Apart from the story itself, familiar in its rhetoric, alas – think the American and Canadian Indian tribes – if new in its geophysical location, was delivered in Spanish with Portuguese surtitles.

The two actors choose to dramatize their story of neo-colonial brutality fuelled by the greed of wealthy private individuals by building on stage a miniature mock-up of the Patagonian landscape. As they deliver their lines in an unemotional narrative style, they erect first a tepee-type native village which transforms into an Andes Mountain range using interlocking reddish sticks and then they add green circular foam objects on a tripod of stilts meant to represent a more western village bordered by conical objects intended to represent a dense forest. The audience’s interest is maintained, but certainly the actors did not perform for an oppositional audience and besides we were all locked in a theatre. Since I personally have initiated a practical research project on how to intensify the efficacy of street theatre in portraying public issues, I couldn’t help but ask myself how many spectators the duo would have if Tierras del Sud were performed on some busy plaza or market square. Not many, I suspect. The actors are far more earnest than compellingly dramatic.
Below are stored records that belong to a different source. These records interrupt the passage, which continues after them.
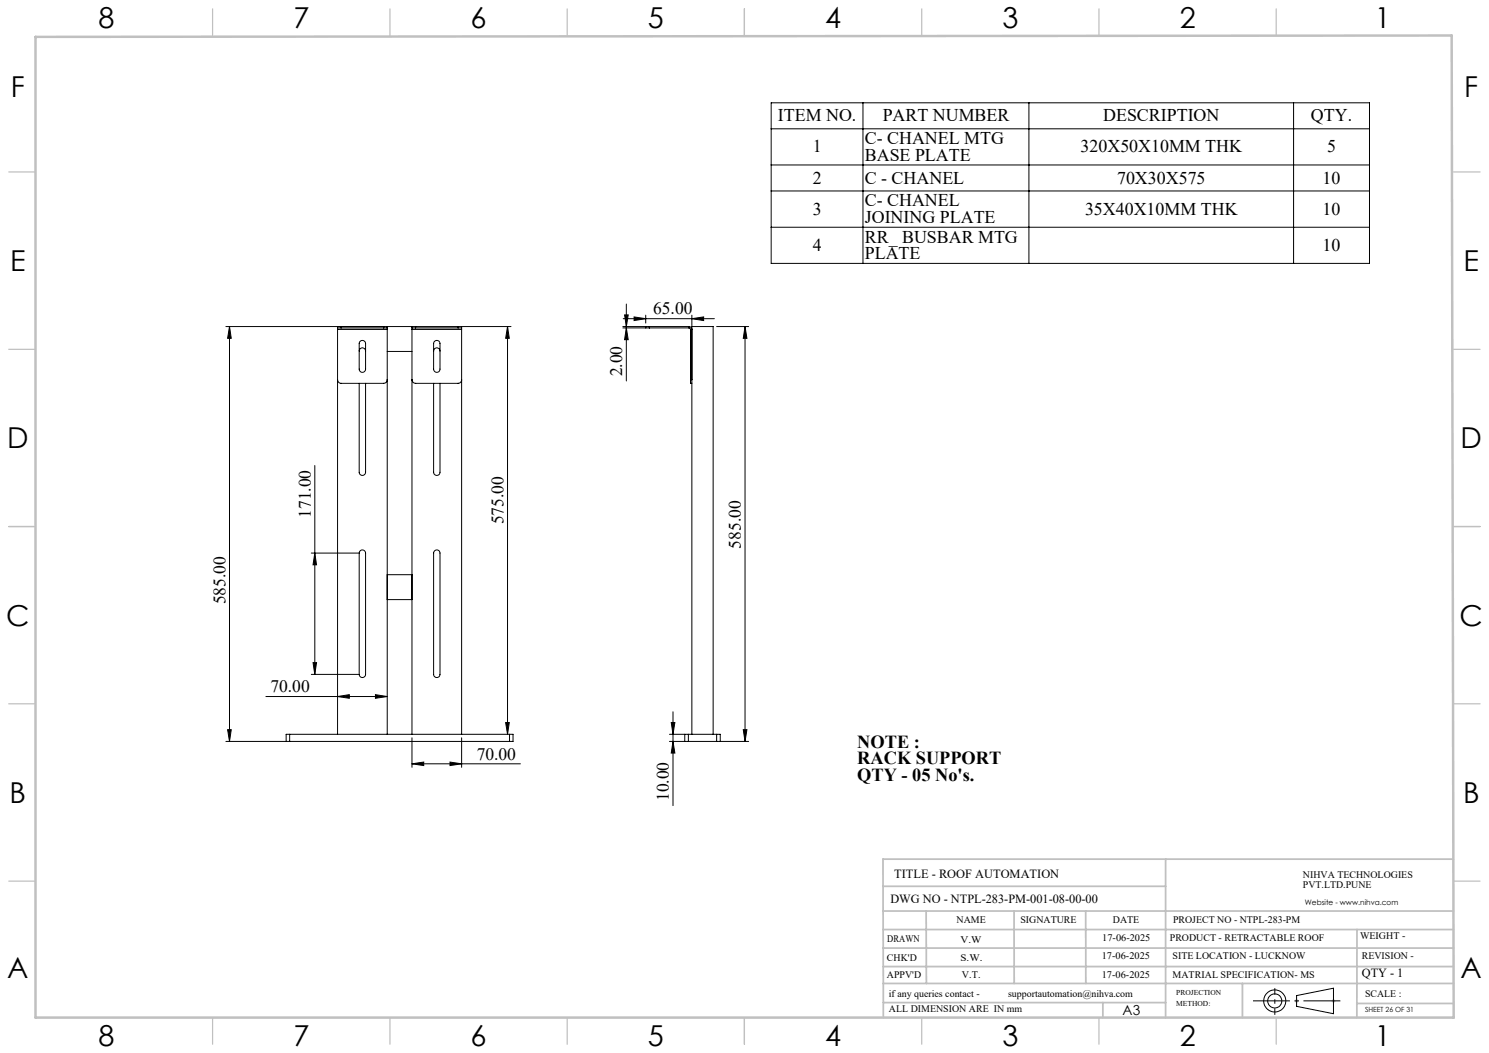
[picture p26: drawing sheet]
<svg xmlns="http://www.w3.org/2000/svg" width="420mm" height="297mm" viewBox="0 0 420 297" stroke-linecap="round" stroke-linejoin="round" font-family="sans-serif">
<defs><g id="words">
<g font-size="8.1">
<text x="27.8" y="8">8</text>
<text x="82.8" y="8">7</text>
<text x="132.8" y="8">6</text>
<text x="182.8" y="8">5</text>
<text x="232.8" y="8">4</text>
<text x="282.8" y="8">3</text>
<text x="332.8" y="8">2</text>
<text x="387.8" y="8">1</text>
<text x="3" y="27.2">F</text>
<text x="413" y="27.2">F</text>
<text x="2.8" y="76.5">E</text>
<text x="412.8" y="76.5">E</text>
<text x="2" y="126.5">D</text>
<text x="412" y="126.5">D</text>
<text x="1.7" y="176.5">C</text>
<text x="411.7" y="176.5">C</text>
<text x="2.7" y="226.5">B</text>
<text x="412.7" y="226.5">B</text>
<text x="2" y="275.7">A</text>
<text x="412" y="275.7">A</text>
<text x="27.8" y="295">8</text>
<text x="82.8" y="295">7</text>
<text x="132.8" y="295">6</text>
<text x="182.8" y="295">5</text>
<text x="232.8" y="295">4</text>
<text x="282.8" y="295">3</text>
<text x="332.8" y="295">2</text>
<text x="387.8" y="295">1</text>
</g>
<g font-size="5.2">
<text x="241.8" y="211">NOTE :</text>
<text x="241.8" y="215.6">RACK SUPPORT</text>
<text x="241.8" y="220.2">QTY - 05 No's.</text>
</g>
<g font-size="5">
<text x="219.4" y="34.2">ITEM NO.</text>
<text x="249" y="34.2">PART NUMBER</text>
<text x="311.2" y="34.2">DESCRIPTION</text>
<text x="369.8" y="34.2">QTY.</text>
<text x="243.9" y="40.7">C- CHANEL MTG</text>
<text x="229.2" y="43">1</text>
<text x="243.9" y="45.3">BASE PLATE</text>
<text x="304.8" y="43">320X50X10MM THK</text>
<text x="374.3" y="43">5</text>
<text x="229.2" y="51.8">2</text>
<text x="243.9" y="51.8">C - CHANEL</text>
<text x="315.1" y="51.8">70X30X575</text>
<text x="373.1" y="51.8">10</text>
<text x="243.9" y="58.2">C- CHANEL</text>
<text x="229.2" y="60.5">3</text>
<text x="243.9" y="62.8">JOINING PLATE</text>
<text x="306.1" y="60.5">35X40X10MM THK</text>
<text x="373.1" y="60.5">10</text>
<text x="229.2" y="70.8">4</text>
<text x="243.9" y="68.5">RR_ BUSBAR MTG</text>
<text x="373.1" y="70.8">10</text>
<text x="243.9" y="73.1">PLATE</text>
</g>
<g font-size="4.9">
<text x="184.2" y="88.7">65.00</text>
<text x="175.5" y="106.2" transform="rotate(-90 175.5 106.2)">2.00</text>
<text x="87.6" y="146.1" transform="rotate(-90 87.6 146.1)">171.00</text>
<text x="142" y="147.9" transform="rotate(-90 142 147.9)">575.00</text>
<text x="209" y="154.8" transform="rotate(-90 209 154.8)">585.00</text>
<text x="63.6" y="170.5" transform="rotate(-90 63.6 170.5)">585.00</text>
<text x="76.3" y="195.3">70.00</text>
<text x="134.5" y="214.2">70.00</text>
<text x="188.7" y="226" transform="rotate(-90 188.7 226)">10.00</text>
</g>
<text font-size="3.9" x="316.7" y="286.4">A3</text>
<g font-size="3.5">
<text x="252.2" y="247.6">TITLE - ROOF AUTOMATION</text>
<text x="251.2" y="254.7">DWG NO - NTPL-283-PM-001-08-00-00</text>
<text x="384.1" y="275.6">QTY - 1</text>
</g>
<g font-size="2.8">
<text x="367.5" y="247.6">NIHVA TECHNOLOGIES</text>
<text x="367.5" y="250.5">PVT.LTD.PUNE</text>
<text x="269.8" y="260.3">NAME</text>
<text x="287.8" y="260.3">SIGNATURE</text>
<text x="313.9" y="260.4">DATE</text>
<text x="330.9" y="260.4">PROJECT NO - NTPL-283-PM</text>
<text x="250.3" y="265.6">DRAWN</text>
<text x="270.9" y="266.1">V.W</text>
<text x="310.9" y="265.5">17-06-2025</text>
<text x="330" y="265.5">PRODUCT - RETRACTABLE ROOF</text>
<text x="383.6" y="264.8">WEIGHT -</text>
<text x="250.2" y="271.1">CHK'D</text>
<text x="250.2" y="275.8">APPV'D</text>
<text x="270.9" y="271.1">S.W.</text>
<text x="271.3" y="275.8">V.T.</text>
<text x="310.8" y="270.6">17-06-2025</text>
<text x="310.8" y="275.8">17-06-2025</text>
<text x="330.7" y="275.8">MATRIAL SPECIFICATION- MS</text>
<text x="330.7" y="270.6">SITE LOCATION - LUCKNOW</text>
<text x="384.1" y="270.6">REVISION -</text>
<text x="250.7" y="281.1">if any queries contact -</text>
<text x="284.3" y="281.1">supportautomation@nihva.com</text>
<text x="385" y="281.1">SCALE :</text>
<text x="250.7" y="285.6">ALL DIMENSION ARE IN mm</text>
</g>
<g font-size="2.1">
<text x="368.1" y="255.1">Website - www.nihva.com</text>
<text x="331.8" y="280.8">PROJECTION</text>
<text x="331.8" y="283.9">METHOD:</text>
</g>
<text font-size="2" x="385" y="285.5">SHEET 26 OF 31</text>
</g></defs>
<g fill="none" stroke="#000" stroke-width=".28">
<path d="M217.5 29h168.8v45.3h-168.8zM217.5 36.3h168.8M243.4 29v45.3M290.2 29v45.3M364.9 29v45.3M217.5 46.5h168.8M217.5 53.9h168.8M217.5 64.1h168.8M64.7 92.1v117M64.7 92.1l.5 3.3h-1zM95.2 92.5v-.4h1v.4M95.2 92.5h1"/>
<path d="M95.2 92.5v.4M95.2 92.9v114.2M95.2 92.9h14M96.2 92.5h12M101.3 99a.9 .9 0 0 1 .9-.9 .9 .9 0 0 1 .9 .9M101.5 96.4a.91 .91 0 0 1 1-.3 .91 .91 0 0 1 .6 .8v7.2a.9 .9 0 0 1-.9 .9 .9 .9 0 0 1-.9-.9zM108.2 92.5h1M108.2 92.1h1M108.2 92.1v.4M108.2 92.1h-44.5M109.2 92.5v.4M109.2 92.1h7"/>
<path d="M109.2 92.1v.4M109.2 92.9v114.2M109.2 99.1h7M116.2 92.1h1M116.2 92.5h1M116.2 92.5v.4M116.2 92.9h14M116.2 92.1v.4M116.2 92.9v114.2M117.2 92.5h12M117.2 92.1h12M117.2 92.1v.4"/>
<path d="M122.3 99a.9 .9 0 0 1 .9-.9 .9 .9 0 0 1 .9 .9M122.6 96.2a.89 .89 0 0 1 1-.1 .89 .89 0 0 1 .5 .8v7.2a.9 .9 0 0 1-.9 .9 .9 .9 0 0 1-.9-.9v-7.2zM129.2 92.1h1M129.2 92.5h1M129.2 92.1v.4M130.2 92.5v.4M130.2 92.1v.4M130.2 92.9v114.2M130.2 92.1h13.9M143.2 92.1l.5 3.3h-1.1zM143.2 92.1v115M175.7 92.5h6.4"/>
<path d="M175.7 92.1h6.4M175.8 89.9h25.7M176.2 88.8h1l-.5 3.3zM176.7 92.5l.5 3.3h-1zM176.7 85.8v21.7M178.9 89.4l3.2 .5-3.2 .5zM182.1 88.9v2.2M182.1 92.5h1.1M182.1 92.1h1.1M182.1 92.1v.4M183.2 92.5h11.1M183.2 92.1h11.1"/>
<path d="M183.2 92.1v.4M194.3 92.5l.5 .4M194.3 92.1a.85 .85 0 0 1 .9 .8h-.4M194.3 92.1v.4M194.8 92.9v14.2M195.2 89.9l3.3-.5v1zM195.2 88.9v3M202.1 92.1h9.1M210.1 92.1v117M210.1 92.1l.6 3.3h-1zM95.2 107.1a1.02 1.02 0 0 0 1 1h12a1.02 1.02 0 0 0 1-1M101.3 108.1v25.1a.9 .9 0 0 0 .9 .9 .9 .9 0 0 0 .9-.9v-25.1"/>
<path d="M116.2 107.1a1.09 1.09 0 0 0 1 1h12a1.02 1.02 0 0 0 1-1M122.3 108.1v25.1a.9 .9 0 0 0 .9 .9 .9 .9 0 0 0 .9-.9v-25.1M194.8 107.1v1h.4M194.8 107.1h.4M88.8 131.3v58.9M87.8 156h13.4M88.8 156l.5 3.3h-1zM101.6 155.3a.89 .89 0 0 1 1-.1 .89 .89 0 0 1 .5 .8v34.2a.9 .9 0 0 1-.9 .9 .9 .9 0 0 1-.9-.9v-34.2zM122.6 155.3a.89 .89 0 0 1 1-.1 .89 .89 0 0 1 .5 .8v34.2a.9 .9 0 0 1-.9 .9 .9 .9 0 0 1-.9-.9v-34.2zM109.2 169.1h7M109.2 162.1h7M75 196.5h34.2"/>
<path d="M87.8 190.2h13.4M88.3 186.9h1l-.5 3.3zM95.2 196.5l3.3-.6v1.1zM105.9 195.9l3.3 .6-3.3 .5zM64.2 205.8h1l-.5 3.3zM80.7 209.1v-2h64v2h-81M81.7 207.1v2M116.2 215.4l3.3-.5v1zM116.2 208.1v8.3M116.2 215.4h30.6M126.9 214.9l3.3 .5-3.3 .5zM130.2 208.1v8.3"/>
<path d="M142.6 203.8h1.1l-.5 3.3zM143.7 207.1v2M188.8 209.1h22.4M188.8 207.1h14.4v2M189.3 203.8h1.1l-.6 3.3zM189.8 200.8v26.4M189.8 209.1l.6 3.3h-1.1zM193.1 207.1v2M194.2 207.1v2M195.2 207.1v-115h6v115M202.1 207.1v2M209.7 205.8h1l-.6 3.3z"/>
<path d="M365.7 280.8l10.4-2.1v7.2l-10.4-2.1z"/>
<circle cx="359.6" cy="282.3" r="1.98"/>
<circle cx="359.6" cy="282.3" r="3.1"/>
</g>
<path d="M365.2 282.3h1.1M365.4 282l.7 .7M365.7 281.8v1M366.1 282l-.7 .7M375.6 282.3h1.1M375.8 282l.7 .7M376.1 281.8v1M376.5 282l-.7 .7" fill="none" stroke="#c0c0c0" stroke-width=".28"/>
<path d="M353.4 282.3h24.7" fill="none" stroke="#000" stroke-width=".28" stroke-dasharray="15.2 1.3 1.3 1.3" stroke-dashoffset="4.8" stroke-linecap="butt"/>
<path d="M359.6 286.2v-7.5" fill="none" stroke="#000" stroke-width=".28" stroke-dasharray="15.2 1.3 1.3 1.3" stroke-dashoffset="13.4" stroke-linecap="butt"/>
<g fill="none" stroke="#c0c0c0" stroke-width=".35">
<path d="M60 2.5v7.5M110 2.5v7.5M160 2.5v7.5M210 2.5v7.5M260 2.5v7.5M310 2.5v7.5M360 2.5v7.5M2.5 48.5h7.5M410 48.5h7.5M2.5 98.5h7.5M410 98.5h7.5M2.5 148.5h7.5"/>
<path d="M410 148.5h7.5M2.5 198.5h7.5M410 198.5h7.5M2.5 248.5h7.5M410 248.5h7.5M60 287v7.5M110 287v7.5M160 287v7.5M210 287v7.5M260 287v7.5M310 287v7.5M360 287v7.5"/>
</g>
<g fill="none" stroke="#c0c0c0" stroke-width=".5">
<path d="M249.1 257h160.9M249.1 250h79.7M261.2 257l.1 20.4M286 257l.1 20.4M306.2 257l.1 20.4M328.8 242.3v44.8M410 242.3h-160.9l.1 44.7M249.1 272.6h160.9M249.1 267.4h160.9M249.1 262.2h160.9M249.1 277.4h160.9M350.4 277.4v9.6"/>
<path d="M382.8 262.2l-.1 24.8M249.2 282.8h79.6M311.1 282.8v4.2M382.7 283h27.3"/>
</g>
<path d="M10 10.4l399.5-.4 .5 277h-400z" fill="none" stroke="#c0c0c0" stroke-width=".7"/>
<g fill="#000">
<path d="M64.7 92.1l.5 3.3h-1zM64.2 205.8h1l-.5 3.3zM88.8 156l.5 3.3h-1zM88.3 186.9h1l-.5 3.3z"/>
<path d="M176.2 88.8h1l-.5 3.3zM176.7 92.5l.5 3.3h-1z"/>
<path d="M195.2 89.9l3.3-.5v1zM178.9 89.4l3.2 .5-3.2 .5z"/>
<path d="M210.1 92.1l.6 3.3h-1zM209.7 205.8h1l-.6 3.3zM189.3 203.8h1.1l-.6 3.3zM189.8 209.1l.6 3.3h-1.1z"/>
<path d="M95.2 196.5l3.3-.6v1.1zM105.9 195.9l3.3 .6-3.3 .5zM116.2 215.4l3.3-.5v1zM126.9 214.9l3.3 .5-3.3 .5z"/>
<path d="M142.6 203.8h1.1l-.5 3.3zM143.2 92.1l.5 3.3h-1.1z"/>
</g>
<use href="#words"/>
</svg>

How I longed to see the two actors interact – perhaps symbolically stage a conflict rather than merely report on one! Let Txalo pull Liada’s hair, or more dramatically perhaps have her pull his hair, thereby dramatizing the 2017 scene of suppression that they mention and that Amnesty International reports on when Argentinian security forces used violence against the Pu Lof community of the Mapuches. Let us see the Benneton sales posters of their “United Colours” in all their implicit racism rather than instead showing grainy black and white anthropological research-style photos of indigenous people that pose the natives as if they were wax statues. Above all, let the one most dramatic artefact used during performance – nudity – be used in full cognizance of its power and significance. When Liada drops her tank top to replicate the photo of a native teenager shown during their exposé, she means the audience to understand that the original model was violated, her modesty insulted. But I am not convinced that exposing us to a few minutes of partial nudity on stage compensates in dramatic impact for the low-key documentary style that prevails, especially given that we haven’t access to the historical girl’s attitude towards being photographed semi-nude. Nor were we able to discern the actor’s attitude towards semi-nudity. What I did see was a woman, Liada, not an actress, standing a bit too still, looking a bit too defiant; certainly not particularly happy to be acting the part.

The challenge of presenting drama dealing with human rights violations in such a way that audiences are enlightened and engaged has been tackled by Tierras del Sud but is not resolved. The struggle continues in the search for an honest, factual, and morally convincing performance style that pleads the cause of justice.